SLP introduces some redundant vector computations:

typedef double f64v2 __attribute__((vector_size(16)));

void f3(void)
{
        double x1 = 0, x2 = 0, x3 = 0;

        f64v2 x32 = { 0 }, x21 = { 0 };

        for (int i = 0; i < 99; ) {
                x3 = B * one + x21[1] * b1 + x2 * b2 + x3 * b3;

                f64v2 x13b1 = { x21[1] * b1, x3 * b1 };

                x32 = B * one + x13b1 + x21 * b2 + x32 * b3;

                x2 = B * one + x3 * b1 + x1 * b2 + x2 * b3;

                f64v2 x13b2 = { b2 * x1, b2 * x32[0] };

                x21 = B * one + x32 * b1 + x13b2 + x21 * b3;

                x1 = B * one + x2 * b1 + x32[0] * b2 + x1 * b3;

                printf("%d %g\t%a\n", i++, x32[0], x32[0]);
                printf("%d %g\t%a\n", i++, x32[1], x32[1]);
                printf("%d %g\t%a\n", i++, x21[1], x21[1]);
        }
}

Note that this is still bit-identical to the initial function.

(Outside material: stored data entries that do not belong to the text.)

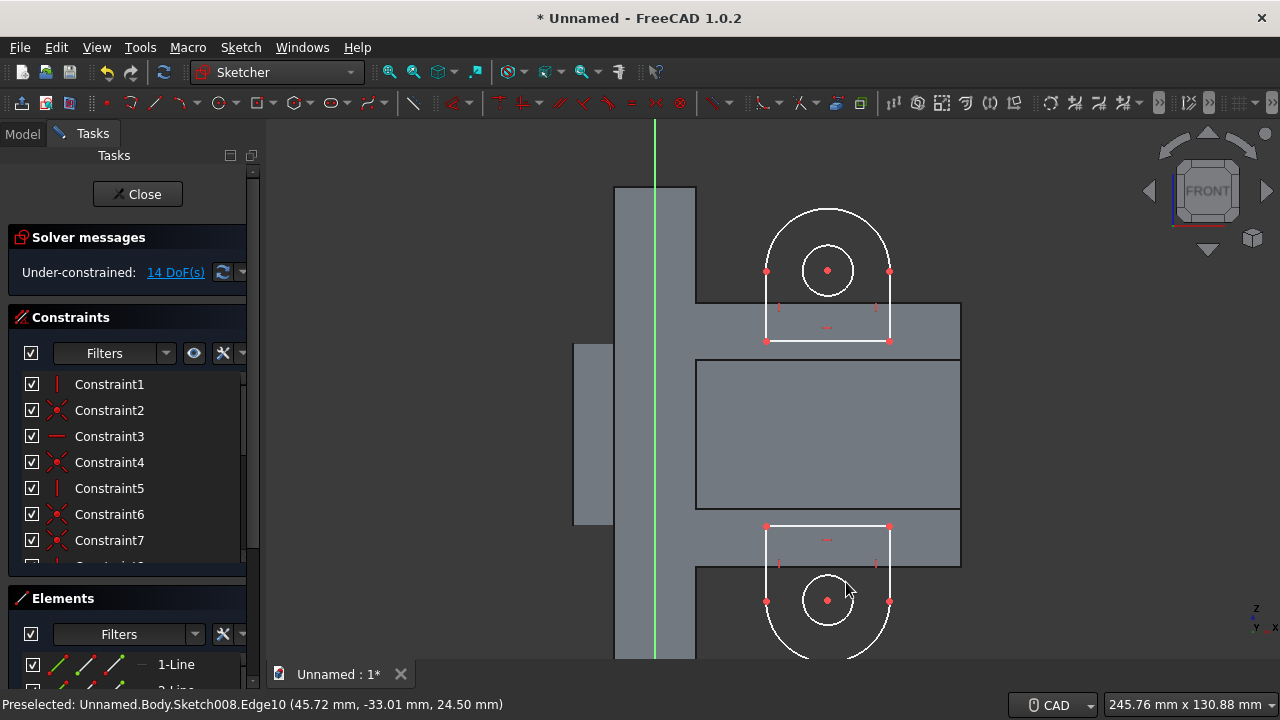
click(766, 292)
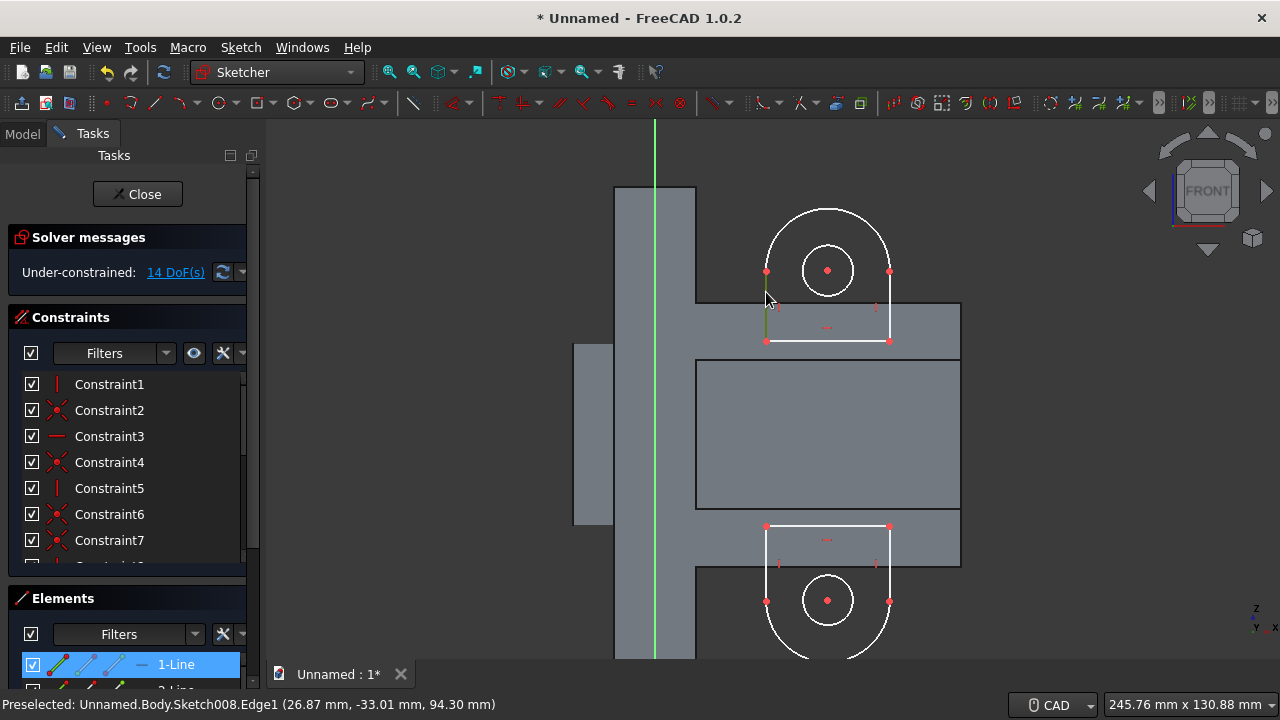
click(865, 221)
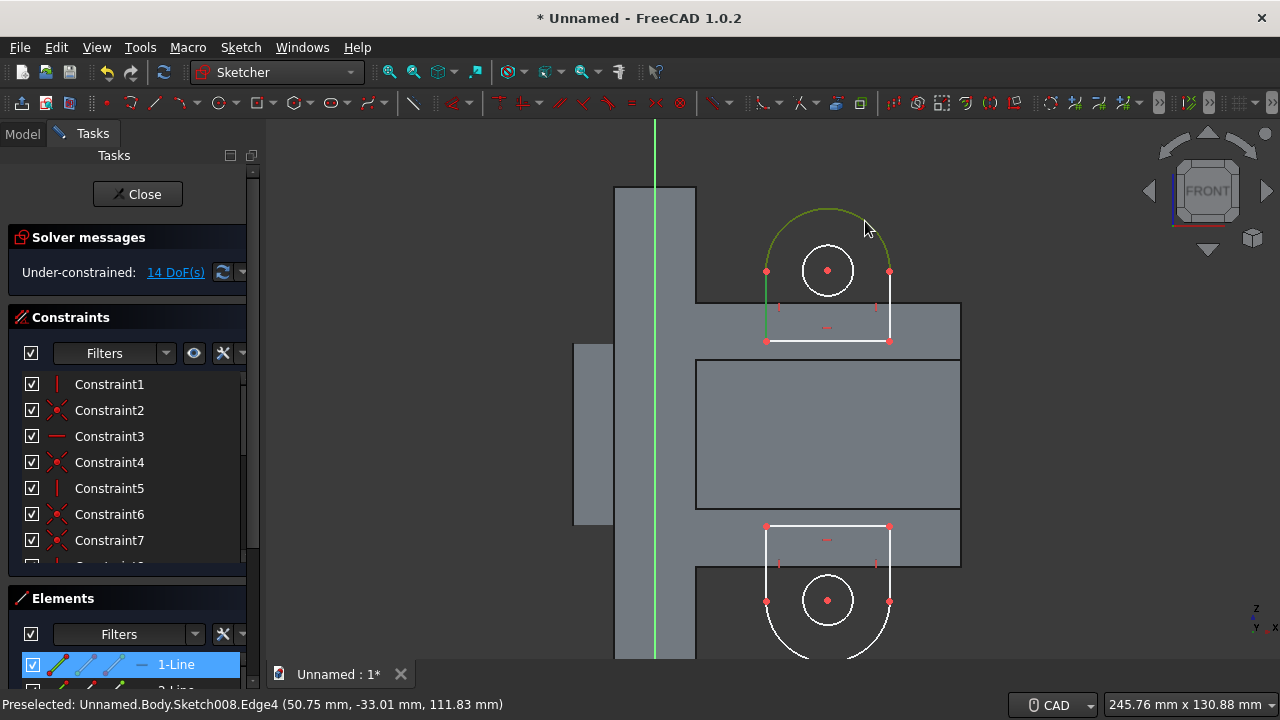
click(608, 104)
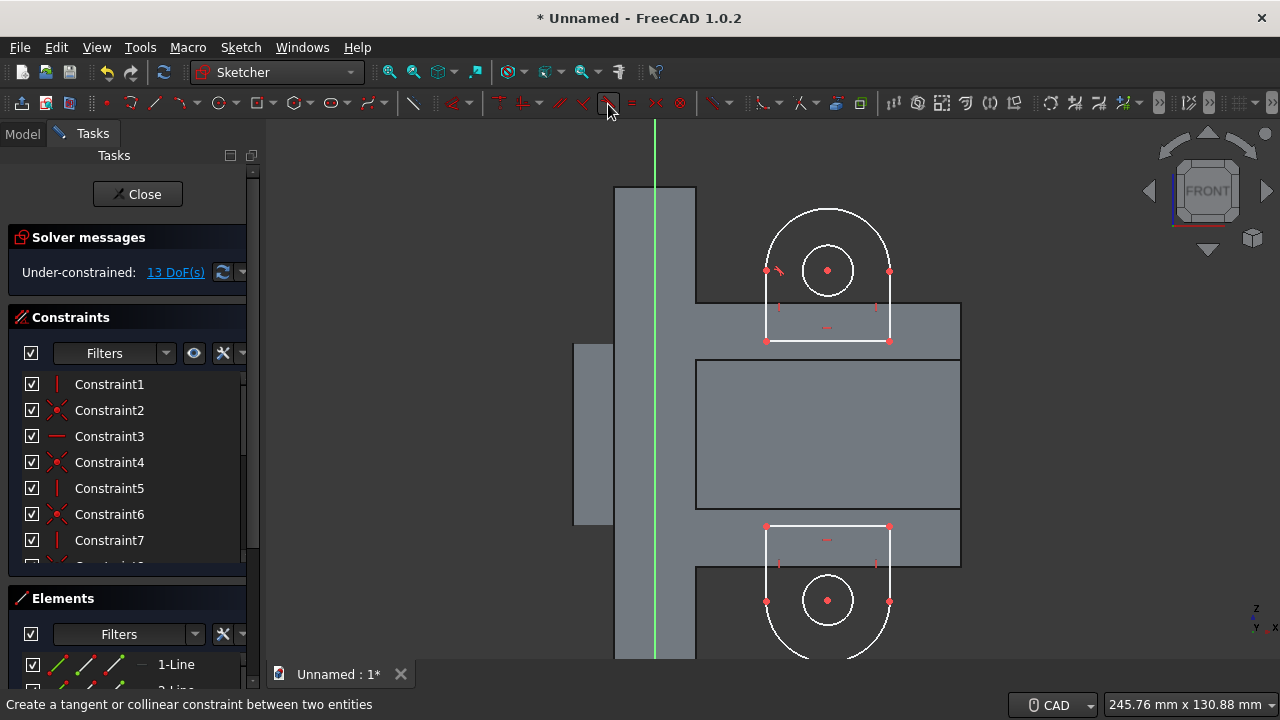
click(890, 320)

But then
tree-ssa-math-opts "randomly" forms some FMAs:

f64v2 vfma(f64v2 x, f64v2 y, f64v2 z)
{
        return (f64v2){ fma(x[0], y[0], z[0]), fma(x[1], y[1], z[1]) };
}

void f4(void)
{
        f64v2 vone = { one, one }, vB = { B, B };
        f64v2 vb1 = { b1, b1 }, vb2 = { b2, b2 }, vb3 = { b3, b3 };

        double x1 = 0, x2 = 0, x3 = 0;

        f64v2 x32 = { 0 }, x21 = { 0 };

        for (int i = 0; i < 99; ) {
                x3 = fma(b3, x3, fma(b2, x2, fma(B, one, x21[1] * b1)));

                f64v2 x13b1 = { x21[1] * b1, x3 * b1 };

                x32 = vfma(vb3, x32, vfma(vb2, x21, vfma(vB, vone, x13b1)));

                x2 = fma(b3, x2, b2 * x1 + fma(B, one, x3 * b1));

                f64v2 x13b2 = { b2 * x1, b2 * x32[0] };

                x21 = vfma(vb3, x21, x13b2 + vfma(vB, vone, x32 * vb1));

                x1 = fma(b3, x1, b2 * x32[0] + fma(B, one, b1 * x2));

                printf("%d %g\t%a\n", i++, x32[0], x32[0]);
                printf("%d %g\t%a\n", i++, x32[1], x32[1]);
                printf("%d %g\t%a\n", i++, x21[1], x21[1]);
        }
}

and here some of the redundantly computed values are computed differently
depending on where rounding after multiplication was omitted. Somehow this is
enough to make the computation explode numerically.